D:\code-program\cinder-codejuno\scheduler\rpcapi.py,给rabbitmq中,exchange为cinder-volume的发送rpc.cast请求

class SchedulerAPI(object):
    '''Client side of the scheduler rpc API.
    def migrate_volume_to_host(self, ctxt, topic, volume_id, host,
                               force_host_copy=False, request_spec=None,
                               filter_properties=None):

        cctxt = self.client.prepare(version='1.3')
        request_spec_p = jsonutils.to_primitive(request_spec)
        return cctxt.cast(ctxt, 'migrate_volume_to_host',
                          topic=topic,
                          volume_id=volume_id,
                          host=host,
                          force_host_copy=force_host_copy,
                          request_spec=request_spec_p,
                          filter_properties=filter_properties)

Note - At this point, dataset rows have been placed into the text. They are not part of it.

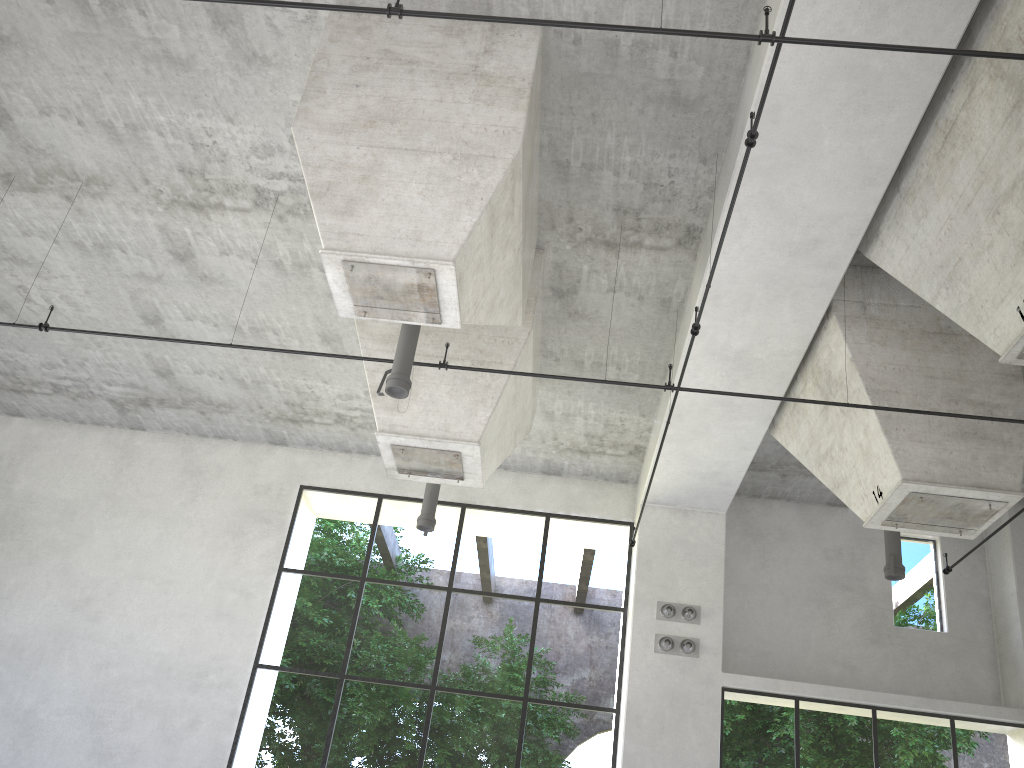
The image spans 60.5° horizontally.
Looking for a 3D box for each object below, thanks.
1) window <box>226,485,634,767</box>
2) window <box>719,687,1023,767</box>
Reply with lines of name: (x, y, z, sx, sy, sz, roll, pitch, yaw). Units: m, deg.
window: (-1.324, 5.399, 13.813, 5.954, 7.426, 0.071, 6, -27, 4)
window: (5.111, 6.873, 12.130, 4.556, 4.629, 0.021, 6, -27, 4)

 二、cinder-scheduler 接受rpc请求,对迁移的主机进行判断 

D:\code-program\cinder-codejuno\scheduler\manager.py
from cinder.volume import rpcapi as volume_rpcapi
# Default scheduler driver to use (string value)
#scheduler_driver=cinder.scheduler.filter_scheduler.FilterScheduler
class SchedulerManager(manager.Manager):
    """Chooses a host to create volumes."""

    def migrate_volume_to_host(self, context, topic, volume_id, host,
                               force_host_copy, request_spec,
                               filter_properties=None):
        """Ensure that the host exists and can accept the volume."""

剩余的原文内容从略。